In our exploration of PCI Express (PCIe) architecture, we have established that devices use configuration space to achieve a “plug-and-play” environment. However, an important rule governs this space: only the Root Complex is permitted to originate Configuration Requests. This restriction ensures that the system processor acts as the central authority, preventing the anarchy that would result if any device could alter the configuration of another.
Because standard processors are generally only capable of generating Memory and IO requests, the Root Complex must serve as a translator, converting specific processor accesses into Configuration Requests on the bus. Over the evolution of PC architecture, the method for doing this has shifted dramatically. Here is a look at the legacy PCI mechanism and the modern PCIe Enhanced Access method.
The Legacy PCI Mechanism: The IO-Indirect Method
When the original PCI standard was developed, the dominant Intel x86 processors were limited to a tiny 64KB IO address space, which was already highly cluttered with existing system resources. Because mapping the configuration registers for every possible device directly into IO or memory space was not seen as a feasible solution at the time, engineers opted for an “indirect” address mapping mechanism.
This legacy IO-indirect method relies on two 32-bit IO ports located in the Host Bridge of the Root Complex: the Configuration Address Port (at IO addresses 0CF8h – 0CFBh) and the Configuration Data Port (at IO addresses 0CFCh – CFFh).
Generating a transaction requires a strict two-step process:
- Setting the Address: The CPU first executes an IO write to the Configuration Address Port (CF8h). This 32-bit write contains the target Bus, Device, and Function (BDF) numbers, the specific Register Number being targeted, and an “Enable” bit (bit 31) set to 1,,.
- Accessing the Data: Next, the CPU executes an IO read or write to the Configuration Data Port (CFCh). The Host Bridge sees this access, recognizes that the Enable bit was set, and translates the CPU’s IO request into a true Configuration Request on the PCI bus,.
Hitting the Limits of the Legacy Model
While the IO-indirect method perfectly solved the address space limitations of the 1990s, it eventually became a major bottleneck for two reasons:
- The 256-Byte Limit: The format of the legacy Configuration Address Port only allocates enough bits to target the first 64 doublewords (256 bytes) of a device’s configuration space. It is physically incapable of reaching the massive new 4KB Extended Configuration Space introduced by PCIe.
- The Multi-Threading Problem: Early PCs used single-core processors running single threads, so taking two separate steps to complete an access was perfectly safe. However, in modern multi-core, multi-threaded CPUs, this two-step process is highly vulnerable. Without complex locking semantics, Thread A could write its target to the Address Port, but before it can read the Data Port, Thread B might simultaneously overwrite the Address Port with a completely different request,.
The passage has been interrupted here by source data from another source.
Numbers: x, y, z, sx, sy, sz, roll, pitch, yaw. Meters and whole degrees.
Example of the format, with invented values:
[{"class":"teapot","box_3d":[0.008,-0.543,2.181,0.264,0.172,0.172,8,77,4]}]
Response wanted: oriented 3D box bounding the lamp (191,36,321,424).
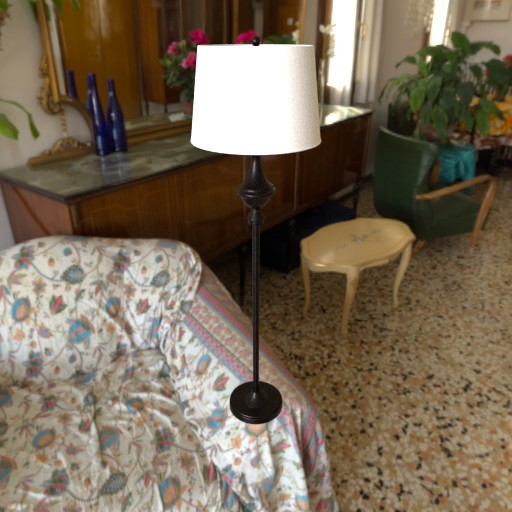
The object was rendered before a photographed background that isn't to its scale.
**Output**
[{"class":"lamp","box_3d":[0.000,0.000,1.668,0.431,1.484,0.431,0,26,0]}]
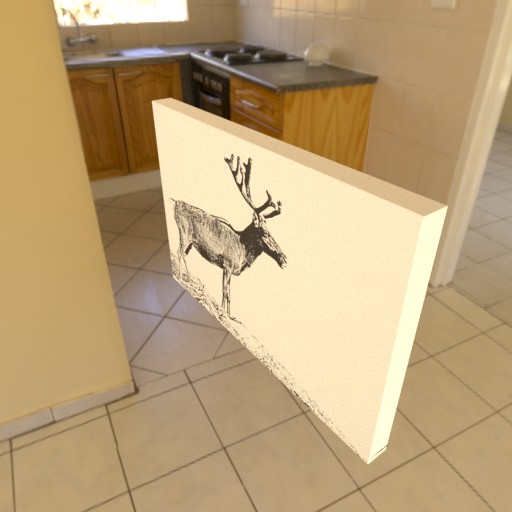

The PCIe Solution: Enhanced Configuration Access Mechanism
To solve both the size limitations and the multi-threading conflicts, the PCIe specification introduced the Enhanced Configuration Access Mechanism. Instead of using cumbersome indirect IO ports, PCIe directly maps all configuration space into the system’s memory address space.
Because PCIe allows up to 4KB of configuration space for every possible function, and a system can support up to 256 buses, 32 devices per bus, and 8 functions per device, the system allocates a dedicated 256MB block of memory address space strictly for configuration mapping. Within this 256MB range, the specific memory address itself carries the routing information (the target Bus, Device, Function, and Register).
This modern memory-mapped approach completely revolutionized configuration:
- Thread Safety: It transforms configuration access into a single-step process. A single memory read or write instruction to the specified address automatically generates the Configuration Request, eliminating the race-condition vulnerabilities of the two-step legacy IO method.
- Full Access: It seamlessly provides access to the full 4KB PCIe Extended Configuration Space, enabling advanced PCIe capabilities.
- Negligible Cost: While dedicating 256MB of memory space would have been impossible in the early days of PCI, modern architectures support massive 36-bit to 48-bit physical memory address spaces, making a 256MB allocation completely insignificant to overall system resources.